Francesca Cruz is an American actress and journalist.

==Biography==
Born to Cuban parents and raised in South Florida, began her entertainment career at the age of 12, studying theater and dance and later becoming a model.

By 14, she had become the model host of Telemundo's celebrity game show, La Feria de la Alegria.

By the age of 19, Francesca was co-hosting the hip and avant music video program Onda Max, aired internationally by the Univision Network. With it came the opportunity to interview famed Hispanic artists Selena, Ricky Martin, Paulina Rubio, Gloria Estefan, Enrique Iglesias and Shakira.

Francesca then went on to become the youngest entertainment reporter on Telemundo's news show Ocurrio Asi.

For her participation in the film The Birdcage. she was awarded the prestigious Screen Actors Guild Award as Outstanding Cast Member in 1997. In 2014 she was chosen as one of the 10 Latino Leaders of the Future.

She has acted in productions such as Arli$$, South Beach, Los Teens, Lente Loco and Control.
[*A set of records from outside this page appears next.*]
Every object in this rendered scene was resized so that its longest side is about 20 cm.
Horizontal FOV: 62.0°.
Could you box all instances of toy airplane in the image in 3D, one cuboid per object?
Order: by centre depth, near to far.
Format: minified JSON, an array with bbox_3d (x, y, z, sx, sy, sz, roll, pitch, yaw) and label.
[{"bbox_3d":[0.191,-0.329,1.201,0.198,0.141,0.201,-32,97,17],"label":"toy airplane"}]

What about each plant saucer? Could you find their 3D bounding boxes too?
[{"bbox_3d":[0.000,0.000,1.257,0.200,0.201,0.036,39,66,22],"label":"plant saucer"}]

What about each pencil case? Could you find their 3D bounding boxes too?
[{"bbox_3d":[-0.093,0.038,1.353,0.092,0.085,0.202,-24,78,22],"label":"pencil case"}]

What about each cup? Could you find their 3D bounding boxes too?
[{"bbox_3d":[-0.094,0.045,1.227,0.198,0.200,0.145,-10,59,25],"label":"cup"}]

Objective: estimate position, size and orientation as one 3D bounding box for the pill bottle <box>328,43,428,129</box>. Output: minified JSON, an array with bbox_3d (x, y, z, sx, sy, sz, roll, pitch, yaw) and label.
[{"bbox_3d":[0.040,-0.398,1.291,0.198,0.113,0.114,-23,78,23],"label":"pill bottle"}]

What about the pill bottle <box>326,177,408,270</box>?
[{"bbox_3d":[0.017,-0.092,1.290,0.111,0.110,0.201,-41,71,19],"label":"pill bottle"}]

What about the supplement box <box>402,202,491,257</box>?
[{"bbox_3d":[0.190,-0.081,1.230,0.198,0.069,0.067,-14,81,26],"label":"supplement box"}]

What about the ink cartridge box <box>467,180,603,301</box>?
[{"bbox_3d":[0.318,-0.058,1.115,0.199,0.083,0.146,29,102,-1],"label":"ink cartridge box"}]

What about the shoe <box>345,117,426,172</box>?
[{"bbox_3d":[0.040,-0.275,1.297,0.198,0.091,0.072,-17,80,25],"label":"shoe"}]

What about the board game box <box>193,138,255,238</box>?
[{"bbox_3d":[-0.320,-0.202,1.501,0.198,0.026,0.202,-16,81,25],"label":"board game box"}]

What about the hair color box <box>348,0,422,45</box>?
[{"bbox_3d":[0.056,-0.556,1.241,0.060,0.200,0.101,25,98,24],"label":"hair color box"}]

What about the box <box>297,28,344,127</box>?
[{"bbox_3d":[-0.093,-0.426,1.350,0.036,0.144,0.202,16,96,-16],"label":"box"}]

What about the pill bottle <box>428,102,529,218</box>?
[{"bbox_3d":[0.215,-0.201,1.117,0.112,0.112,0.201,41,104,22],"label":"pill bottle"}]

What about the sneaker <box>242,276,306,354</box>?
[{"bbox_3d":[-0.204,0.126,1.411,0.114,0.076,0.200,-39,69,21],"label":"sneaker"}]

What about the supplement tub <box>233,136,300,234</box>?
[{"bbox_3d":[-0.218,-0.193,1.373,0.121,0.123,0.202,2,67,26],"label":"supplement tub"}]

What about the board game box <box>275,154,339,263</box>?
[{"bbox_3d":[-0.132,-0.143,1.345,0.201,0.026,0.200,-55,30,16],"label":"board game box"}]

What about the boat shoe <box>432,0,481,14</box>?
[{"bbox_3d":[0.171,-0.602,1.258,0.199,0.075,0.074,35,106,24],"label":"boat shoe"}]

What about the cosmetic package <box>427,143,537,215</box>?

After working on television, she moved on to print media. She took part in the creation and development of two national bi-monthly magazines, simultaneously published in English and Spanish. In her capacity as Production Director and later Managing Editor of another bi-monthly, Nueva Magazine, she has interviewed top Hispanic talent.

She received her Bachelor of Science Degree in Journalism and English Literature from the Florida International University, studied Art and Art History courses at La Sorbonne University of Paris, and moved to Mexico City in 2003 to pursue her master's degree in Anthropology under the respected program el Museo Nacional de Antropología (ongoing).

Francesca has had the opportunity to interview Arianna Huffington, Diane Rehm, Pete Hamill, Donna Karan, Salma Hayek, Carolina Herrera, William Levy and Isabel Allende.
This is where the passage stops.